* _WHAT THE TASK REQUIRES_
For the word "years", find each line in the entries where it occurs and copy that line.

(Source records)
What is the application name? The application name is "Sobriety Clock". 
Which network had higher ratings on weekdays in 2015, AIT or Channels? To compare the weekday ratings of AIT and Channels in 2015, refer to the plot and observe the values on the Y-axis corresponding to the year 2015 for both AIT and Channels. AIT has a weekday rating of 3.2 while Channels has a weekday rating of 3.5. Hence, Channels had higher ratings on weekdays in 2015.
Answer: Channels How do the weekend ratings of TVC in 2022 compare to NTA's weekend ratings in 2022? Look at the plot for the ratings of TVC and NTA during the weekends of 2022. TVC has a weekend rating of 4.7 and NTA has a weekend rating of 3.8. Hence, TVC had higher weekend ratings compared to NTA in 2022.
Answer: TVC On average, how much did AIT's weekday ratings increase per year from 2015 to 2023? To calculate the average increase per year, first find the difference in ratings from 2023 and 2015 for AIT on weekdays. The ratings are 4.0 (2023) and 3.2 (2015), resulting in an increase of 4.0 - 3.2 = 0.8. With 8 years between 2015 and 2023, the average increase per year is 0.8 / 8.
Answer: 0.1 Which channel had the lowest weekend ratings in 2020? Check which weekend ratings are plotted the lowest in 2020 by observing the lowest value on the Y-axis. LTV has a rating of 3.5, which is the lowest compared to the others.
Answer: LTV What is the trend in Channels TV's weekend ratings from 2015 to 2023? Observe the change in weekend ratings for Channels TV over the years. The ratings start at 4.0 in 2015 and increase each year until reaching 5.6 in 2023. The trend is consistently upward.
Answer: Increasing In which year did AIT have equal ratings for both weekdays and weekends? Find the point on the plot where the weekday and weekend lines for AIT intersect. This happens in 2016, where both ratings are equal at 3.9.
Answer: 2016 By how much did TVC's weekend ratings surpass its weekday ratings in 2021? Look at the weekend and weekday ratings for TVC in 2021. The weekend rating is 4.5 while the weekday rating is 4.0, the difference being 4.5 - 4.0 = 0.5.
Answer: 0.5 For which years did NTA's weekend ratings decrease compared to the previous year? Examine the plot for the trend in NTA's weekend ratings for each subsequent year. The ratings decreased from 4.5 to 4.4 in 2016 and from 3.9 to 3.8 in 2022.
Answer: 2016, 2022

* _ANSWER SECTION_
Answer: TVC On average, how much did AIT's weekday ratings increase per year from 2015 to 2023? To calculate the average increase per year, first find the difference in ratings from 2023 and 2015 for AIT on weekdays. The ratings are 4.0 (2023) and 3.2 (2015), resulting in an increase of 4.0 - 3.2 = 0.8. With 8 years between 2015 and 2023, the average increase per year is 0.8 / 8.
Answer: LTV What is the trend in Channels TV's weekend ratings from 2015 to 2023? Observe the change in weekend ratings for Channels TV over the years. The ratings start at 4.0 in 2015 and increase each year until reaching 5.6 in 2023. The trend is consistently upward.
Answer: 0.5 For which years did NTA's weekend ratings decrease compared to the previous year? Examine the plot for the trend in NTA's weekend ratings for each subsequent year. The ratings decreased from 4.5 to 4.4 in 2016 and from 3.9 to 3.8 in 2022.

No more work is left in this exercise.